Work to complete:
Please restate each entry below, word for word.

Material provided:

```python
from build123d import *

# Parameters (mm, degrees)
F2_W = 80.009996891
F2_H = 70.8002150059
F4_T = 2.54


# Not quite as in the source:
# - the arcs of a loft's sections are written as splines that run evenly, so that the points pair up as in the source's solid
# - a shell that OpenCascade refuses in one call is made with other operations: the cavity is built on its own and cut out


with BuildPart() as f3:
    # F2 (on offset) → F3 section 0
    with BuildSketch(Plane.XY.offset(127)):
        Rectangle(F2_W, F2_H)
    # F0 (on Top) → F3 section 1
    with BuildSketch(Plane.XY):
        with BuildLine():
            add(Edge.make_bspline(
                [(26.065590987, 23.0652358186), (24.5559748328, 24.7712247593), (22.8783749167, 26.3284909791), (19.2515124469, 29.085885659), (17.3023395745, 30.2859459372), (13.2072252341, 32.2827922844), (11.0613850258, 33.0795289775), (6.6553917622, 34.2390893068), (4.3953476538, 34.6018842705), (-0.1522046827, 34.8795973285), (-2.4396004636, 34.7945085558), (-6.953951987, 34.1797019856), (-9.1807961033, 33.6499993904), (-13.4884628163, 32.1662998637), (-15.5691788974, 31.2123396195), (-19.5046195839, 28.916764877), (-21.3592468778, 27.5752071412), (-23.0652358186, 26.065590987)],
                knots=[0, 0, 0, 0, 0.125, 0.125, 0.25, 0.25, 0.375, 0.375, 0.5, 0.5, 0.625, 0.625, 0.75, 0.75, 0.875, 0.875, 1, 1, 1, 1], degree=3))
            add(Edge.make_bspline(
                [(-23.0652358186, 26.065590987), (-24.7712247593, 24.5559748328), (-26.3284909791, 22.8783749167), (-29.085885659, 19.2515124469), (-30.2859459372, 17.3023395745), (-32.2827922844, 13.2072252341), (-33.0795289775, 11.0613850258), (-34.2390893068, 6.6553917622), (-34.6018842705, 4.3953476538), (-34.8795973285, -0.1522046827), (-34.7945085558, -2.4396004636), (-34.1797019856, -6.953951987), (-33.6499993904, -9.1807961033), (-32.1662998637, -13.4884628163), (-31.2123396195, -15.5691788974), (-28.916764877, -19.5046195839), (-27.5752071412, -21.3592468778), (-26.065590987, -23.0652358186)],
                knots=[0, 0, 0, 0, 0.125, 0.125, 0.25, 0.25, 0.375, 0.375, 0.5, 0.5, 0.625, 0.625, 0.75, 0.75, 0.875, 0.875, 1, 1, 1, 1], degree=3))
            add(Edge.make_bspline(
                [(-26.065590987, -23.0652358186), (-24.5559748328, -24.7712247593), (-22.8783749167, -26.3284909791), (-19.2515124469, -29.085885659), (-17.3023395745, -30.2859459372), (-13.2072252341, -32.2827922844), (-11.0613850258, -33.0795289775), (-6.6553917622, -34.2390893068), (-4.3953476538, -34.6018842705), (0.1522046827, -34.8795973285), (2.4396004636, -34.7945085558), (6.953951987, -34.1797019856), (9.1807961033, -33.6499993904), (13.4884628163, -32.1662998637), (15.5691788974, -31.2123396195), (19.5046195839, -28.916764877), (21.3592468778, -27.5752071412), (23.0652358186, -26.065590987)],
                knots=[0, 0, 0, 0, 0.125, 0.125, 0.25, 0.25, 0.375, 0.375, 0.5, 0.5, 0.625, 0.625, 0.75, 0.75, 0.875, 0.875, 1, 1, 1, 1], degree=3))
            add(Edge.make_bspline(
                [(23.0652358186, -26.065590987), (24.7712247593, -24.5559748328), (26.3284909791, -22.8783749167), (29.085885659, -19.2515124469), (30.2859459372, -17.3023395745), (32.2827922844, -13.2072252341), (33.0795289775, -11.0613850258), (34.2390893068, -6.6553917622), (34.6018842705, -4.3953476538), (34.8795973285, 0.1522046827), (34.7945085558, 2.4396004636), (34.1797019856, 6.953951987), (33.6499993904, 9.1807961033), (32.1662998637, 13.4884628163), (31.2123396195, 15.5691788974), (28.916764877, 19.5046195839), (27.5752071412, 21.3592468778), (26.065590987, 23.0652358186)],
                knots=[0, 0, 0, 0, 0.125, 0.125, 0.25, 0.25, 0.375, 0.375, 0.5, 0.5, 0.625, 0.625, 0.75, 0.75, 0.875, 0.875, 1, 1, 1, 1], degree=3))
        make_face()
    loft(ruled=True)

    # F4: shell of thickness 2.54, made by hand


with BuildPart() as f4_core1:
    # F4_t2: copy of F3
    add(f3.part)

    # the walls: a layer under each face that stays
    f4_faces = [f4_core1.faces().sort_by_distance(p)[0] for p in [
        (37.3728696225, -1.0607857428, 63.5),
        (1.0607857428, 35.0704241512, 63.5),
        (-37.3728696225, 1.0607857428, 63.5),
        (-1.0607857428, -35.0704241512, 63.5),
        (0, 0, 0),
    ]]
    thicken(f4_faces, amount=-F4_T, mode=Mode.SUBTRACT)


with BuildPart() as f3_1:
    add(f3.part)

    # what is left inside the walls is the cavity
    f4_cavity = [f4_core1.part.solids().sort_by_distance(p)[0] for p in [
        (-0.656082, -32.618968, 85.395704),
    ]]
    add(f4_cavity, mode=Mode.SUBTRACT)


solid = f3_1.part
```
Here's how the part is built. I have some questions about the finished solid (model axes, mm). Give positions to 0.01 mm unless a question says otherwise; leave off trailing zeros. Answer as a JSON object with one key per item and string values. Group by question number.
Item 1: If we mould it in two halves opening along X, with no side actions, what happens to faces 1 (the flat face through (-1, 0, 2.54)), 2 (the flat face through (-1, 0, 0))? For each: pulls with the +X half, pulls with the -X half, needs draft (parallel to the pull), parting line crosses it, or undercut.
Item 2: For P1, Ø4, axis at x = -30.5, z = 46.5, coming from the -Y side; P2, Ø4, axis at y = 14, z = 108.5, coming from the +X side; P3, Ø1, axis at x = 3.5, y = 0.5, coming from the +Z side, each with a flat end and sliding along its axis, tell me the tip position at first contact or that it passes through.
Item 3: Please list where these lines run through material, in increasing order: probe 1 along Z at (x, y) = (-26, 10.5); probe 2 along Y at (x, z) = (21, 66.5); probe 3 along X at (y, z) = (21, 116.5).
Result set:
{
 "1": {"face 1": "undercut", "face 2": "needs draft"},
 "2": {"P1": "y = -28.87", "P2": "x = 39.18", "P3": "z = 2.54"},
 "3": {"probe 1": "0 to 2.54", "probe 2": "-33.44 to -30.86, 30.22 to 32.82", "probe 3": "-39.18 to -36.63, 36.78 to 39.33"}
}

Answer to this exercise:
```python
from build123d import *

# Parameters (mm, degrees)
F2_W = 80.009996891
F2_H = 70.8002150059
F4_T = 2.54


# Not quite as in the source:
# - the arcs of a loft's sections are written as splines that run evenly, so that the points pair up as in the source's solid
# - a shell that OpenCascade refuses in one call is made with other operations: the cavity is built on its own and cut out


with BuildPart() as f3:
    # F2 (on offset) → F3 section 0
    with BuildSketch(Plane.XY.offset(127)):
        Rectangle(F2_W, F2_H)
    # F0 (on Top) → F3 section 1
    with BuildSketch(Plane.XY):
        with BuildLine():
            add(Edge.make_bspline(
                [(26.065590987, 23.0652358186), (24.5559748328, 24.7712247593), (22.8783749167, 26.3284909791), (19.2515124469, 29.085885659), (17.3023395745, 30.2859459372), (13.2072252341, 32.2827922844), (11.0613850258, 33.0795289775), (6.6553917622, 34.2390893068), (4.3953476538, 34.6018842705), (-0.1522046827, 34.8795973285), (-2.4396004636, 34.7945085558), (-6.953951987, 34.1797019856), (-9.1807961033, 33.6499993904), (-13.4884628163, 32.1662998637), (-15.5691788974, 31.2123396195), (-19.5046195839, 28.916764877), (-21.3592468778, 27.5752071412), (-23.0652358186, 26.065590987)],
                knots=[0, 0, 0, 0, 0.125, 0.125, 0.25, 0.25, 0.375, 0.375, 0.5, 0.5, 0.625, 0.625, 0.75, 0.75, 0.875, 0.875, 1, 1, 1, 1], degree=3))
            add(Edge.make_bspline(
                [(-23.0652358186, 26.065590987), (-24.7712247593, 24.5559748328), (-26.3284909791, 22.8783749167), (-29.085885659, 19.2515124469), (-30.2859459372, 17.3023395745), (-32.2827922844, 13.2072252341), (-33.0795289775, 11.0613850258), (-34.2390893068, 6.6553917622), (-34.6018842705, 4.3953476538), (-34.8795973285, -0.1522046827), (-34.7945085558, -2.4396004636), (-34.1797019856, -6.953951987), (-33.6499993904, -9.1807961033), (-32.1662998637, -13.4884628163), (-31.2123396195, -15.5691788974), (-28.916764877, -19.5046195839), (-27.5752071412, -21.3592468778), (-26.065590987, -23.0652358186)],
                knots=[0, 0, 0, 0, 0.125, 0.125, 0.25, 0.25, 0.375, 0.375, 0.5, 0.5, 0.625, 0.625, 0.75, 0.75, 0.875, 0.875, 1, 1, 1, 1], degree=3))
            add(Edge.make_bspline(
                [(-26.065590987, -23.0652358186), (-24.5559748328, -24.7712247593), (-22.8783749167, -26.3284909791), (-19.2515124469, -29.085885659), (-17.3023395745, -30.2859459372), (-13.2072252341, -32.2827922844), (-11.0613850258, -33.0795289775), (-6.6553917622, -34.2390893068), (-4.3953476538, -34.6018842705), (0.1522046827, -34.8795973285), (2.4396004636, -34.7945085558), (6.953951987, -34.1797019856), (9.1807961033, -33.6499993904), (13.4884628163, -32.1662998637), (15.5691788974, -31.2123396195), (19.5046195839, -28.916764877), (21.3592468778, -27.5752071412), (23.0652358186, -26.065590987)],
                knots=[0, 0, 0, 0, 0.125, 0.125, 0.25, 0.25, 0.375, 0.375, 0.5, 0.5, 0.625, 0.625, 0.75, 0.75, 0.875, 0.875, 1, 1, 1, 1], degree=3))
            add(Edge.make_bspline(
                [(23.0652358186, -26.065590987), (24.7712247593, -24.5559748328), (26.3284909791, -22.8783749167), (29.085885659, -19.2515124469), (30.2859459372, -17.3023395745), (32.2827922844, -13.2072252341), (33.0795289775, -11.0613850258), (34.2390893068, -6.6553917622), (34.6018842705, -4.3953476538), (34.8795973285, 0.1522046827), (34.7945085558, 2.4396004636), (34.1797019856, 6.953951987), (33.6499993904, 9.1807961033), (32.1662998637, 13.4884628163), (31.2123396195, 15.5691788974), (28.916764877, 19.5046195839), (27.5752071412, 21.3592468778), (26.065590987, 23.0652358186)],
                knots=[0, 0, 0, 0, 0.125, 0.125, 0.25, 0.25, 0.375, 0.375, 0.5, 0.5, 0.625, 0.625, 0.75, 0.75, 0.875, 0.875, 1, 1, 1, 1], degree=3))
        make_face()
    loft(ruled=True)

    # F4: shell of thickness 2.54, made by hand


with BuildPart() as f4_core1:
    # F4_t2: copy of F3
    add(f3.part)

    # the walls: a layer under each face that stays
    f4_faces = [f4_core1.faces().sort_by_distance(p)[0] for p in [
        (37.3728696225, -1.0607857428, 63.5),
        (1.0607857428, 35.0704241512, 63.5),
        (-37.3728696225, 1.0607857428, 63.5),
        (-1.0607857428, -35.0704241512, 63.5),
        (0, 0, 0),
    ]]
    thicken(f4_faces, amount=-F4_T, mode=Mode.SUBTRACT)


with BuildPart() as f3_1:
    add(f3.part)

    # what is left inside the walls is the cavity
    f4_cavity = [f4_core1.part.solids().sort_by_distance(p)[0] for p in [
        (-0.656082, -32.618968, 85.395704),
    ]]
    add(f4_cavity, mode=Mode.SUBTRACT)


solid = f3_1.part
```
Here's how the part is built. I have some questions about the finished solid (model axes, mm). Give positions to 0.01 mm unless a question says otherwise; leave off trailing zeros. Answer as a JSON object with one key per item and string values. Group by question number.
Item 1: If we mould it in two halves opening along X, with no side actions, what happens to faces 1 (the flat face through (-1, 0, 2.54)), 2 (the flat face through (-1, 0, 0))? For each: pulls with the +X half, pulls with the -X half, needs draft (parallel to the pull), parting line crosses it, or undercut.
Item 2: For P1, Ø4, axis at x = -30.5, z = 46.5, coming from the -Y side; P2, Ø4, axis at y = 14, z = 108.5, coming from the +X side; P3, Ø1, axis at x = 3.5, y = 0.5, coming from the +Z side, each with a flat end and sliding along its axis, tell me the tip position at first contact or that it passes through.
Item 3: Please list where these lines run through material, in increasing order: probe 1 along Z at (x, y) = (-26, 10.5); probe 2 along Y at (x, z) = (21, 66.5); probe 3 along X at (y, z) = (21, 116.5).
Result set:
{
 "1": {"face 1": "undercut", "face 2": "needs draft"},
 "2": {"P1": "y = -28.87", "P2": "x = 39.18", "P3": "z = 2.54"},
 "3": {"probe 1": "0 to 2.54", "probe 2": "-33.44 to -30.86, 30.22 to 32.82", "probe 3": "-39.18 to -36.63, 36.78 to 39.33"}
}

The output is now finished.